К концу 1427 г. Ришмон, впав в немилость, был вынужден бежать в Бретань. Этим новым дворцовым переворотом завершилась четырехлетняя интермедия. В 1428 г. Карл VII стал еще слабей, чем когда-либо, в качестве противника Ланкастеров, которые, наконец оккупировав земли между Сеной и Луарой, намеревались нанести решающий удар. С военной точки зрения, Карла VII лучше всего было поразить в сердце его королевства — в Берри, из которого он выбирался лишь очень неохотно. Значит, следовало форсировать Луару. Из всех возможных объектов атаки Бедфорд выбрал город, падение которого вызовет больше всего шума, — Орлеан, в стратегическом отношении ключ к Центральной Франции. Его значение столь велико, что оно заглушало голос совести и требования рыцарского кодекса. Ведь Орлеан принадлежал не буржскому королю, а его кузену Карлу Орлеанскому. Чтобы герой атаковал владения врага, которого лично уже держит у себя в тюрьме, — случай беспримерный. Хоть бы и так: Бедфорд не придавал этому значения. Лето 1428 г. у англичан ушло на сбор войск, боеприпасов, провианта, на ожидание подкреплений из Англии. Только 12 октября контингенты под командованием Солсбери начали стягивать под стены города; они решили здесь перезимовать, хотя их предводитель погиб от выстрела в самом начале осады. Они построили вокруг города, прежде всего к западу и северу от него, но также и к югу — напротив единственного моста, цепь бастид и с помощью образованной ими дуги следили за стенами города, перерезали дороги, затрудняли снабжение. Буржский король смог оставить в городе несколько отрядов. Оборону крепости возглавил Дюнуа, заменяя отсутствующего брата. Город был хорошо укреплен и имел довольно приличные запасы продовольствия. Но его падение было неизбежно, если Карл VII не сумел бы собрать армию, способную разорвать тиски осады. А все, весьма скромные, вылазки французских войск кончались плачевными неудачами. Так, попытавшись перехватить провиантский обоз из Парижа, они получили чувствительный урок от его охраны, хоть и малочисленной, сторожившей бочки с соленой рыбой, и этот день (12 февраля 1429 г.) получит название «дня селедок».
В лагере Валуа повсюду царило уныние: при дворе Карла VII, который, впервые оказавшись под угрозой в своем любимом Берри, готовился отступать в Дофине, а если и это убежище будет ненадежным — в Кастилию и даже в Шотландию; в Орлеане, где горожане, удрученные перспективой скорой сдачи, просили Филиппа Доброго вступиться за них; но все, что смог сделать Бургундец, и сам обеспокоенный вновь проявляющейся надменностью Бедфорда, — это отозвать отряды, которые раньше прислал для участия в осаде.

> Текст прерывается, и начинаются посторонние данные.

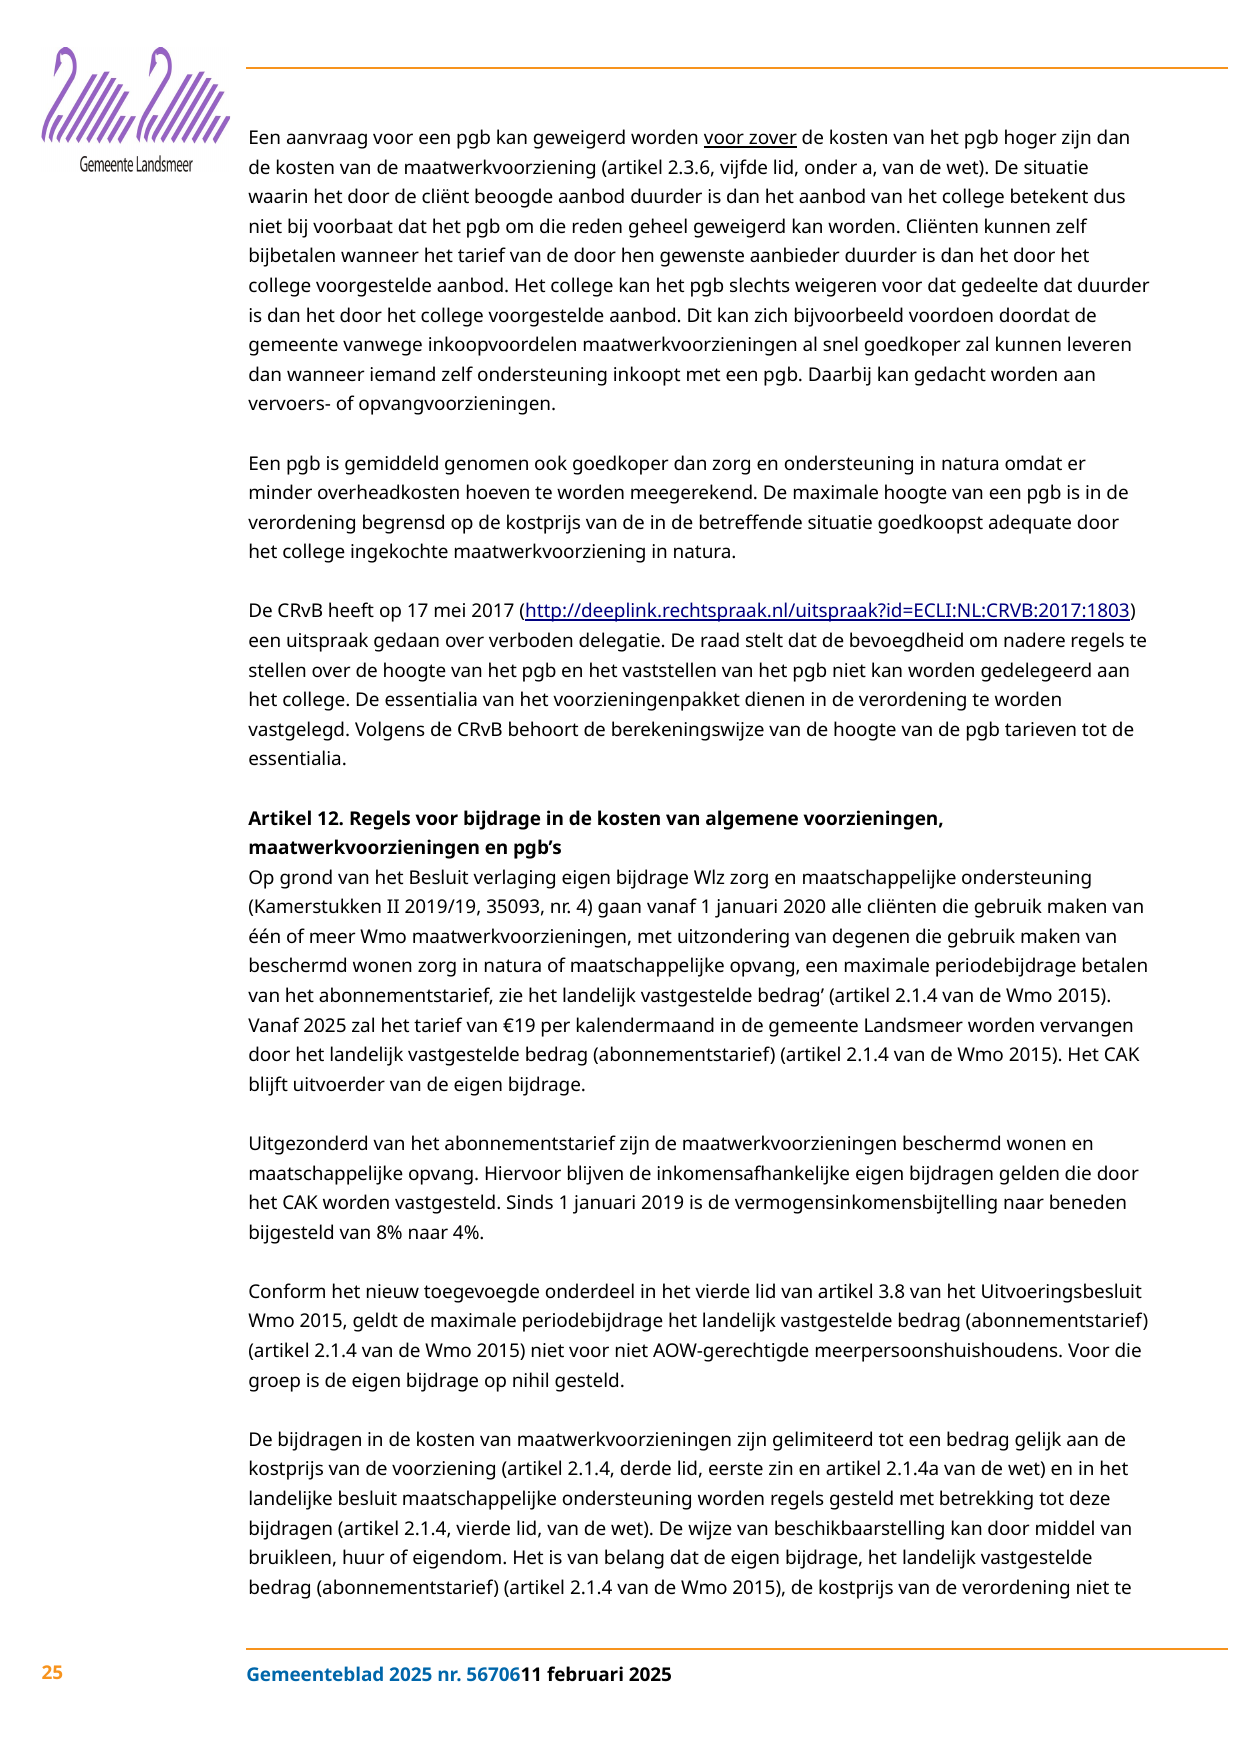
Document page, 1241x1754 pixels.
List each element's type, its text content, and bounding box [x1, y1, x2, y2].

Все смутно чувствовали, что взятие Орлеана, ожидаемое со дня на день, будет означать финал драмы и полную победу Ланкастеров.
Тогда-то и появилась Жанна д'Арк.
VIII. ФРАНЦУЗСКИЙ РЕВАНШ
(1429-1444 гг.)
В ходе франко-английской дуэли, с 1415 г. громоздившей тьму бедствий на хрупкие плечи ослабевших Валуа, 1429 г. знаменует, вместе с возрождением во Франции национального чувства, крутой поворот фортуны и перелом в войне. С ланкастерской мечтой, с той «двойной монархией», что едва не водворилась одновременно в Англии и во Франции, отныне покончено. Во всяком случае, так решили потомки, оценивая события с временной дистанции и на основе опыта. Однако это вовсе не значит, что блистательная авантюра Жанны д'Арк оставила у всех современников впечатление, будто только что произошло нечто решающее и необратимое. Французский реванш, начало которого означала ее история, отнюдь не принял сразу же после первых ее успехов ни космического размаха, ни ураганной мощи. Война еще длилась более двадцати лет, в течение которых Ланкастеры и их сторонники могли питать иллюзии, что легко наверстают потерянное вследствие временных неудач. Борьба затянулась из-за изнурения обескровленной Франции, вялой апатии короля, слепого эгоизма его фаворитов, всех тех людских слабостей, из-за которых в истории самые прекрасные планы не осуществляются или осуществляются не в полной мере. Таким образом, жертва, принесенная Девой, стала лишь предзнаменованием решающих, но еще далеких побед. Оказала ли она столь принципиальное влияние на ход событий, какое ей всегда приписывают? В этом позволено усомниться.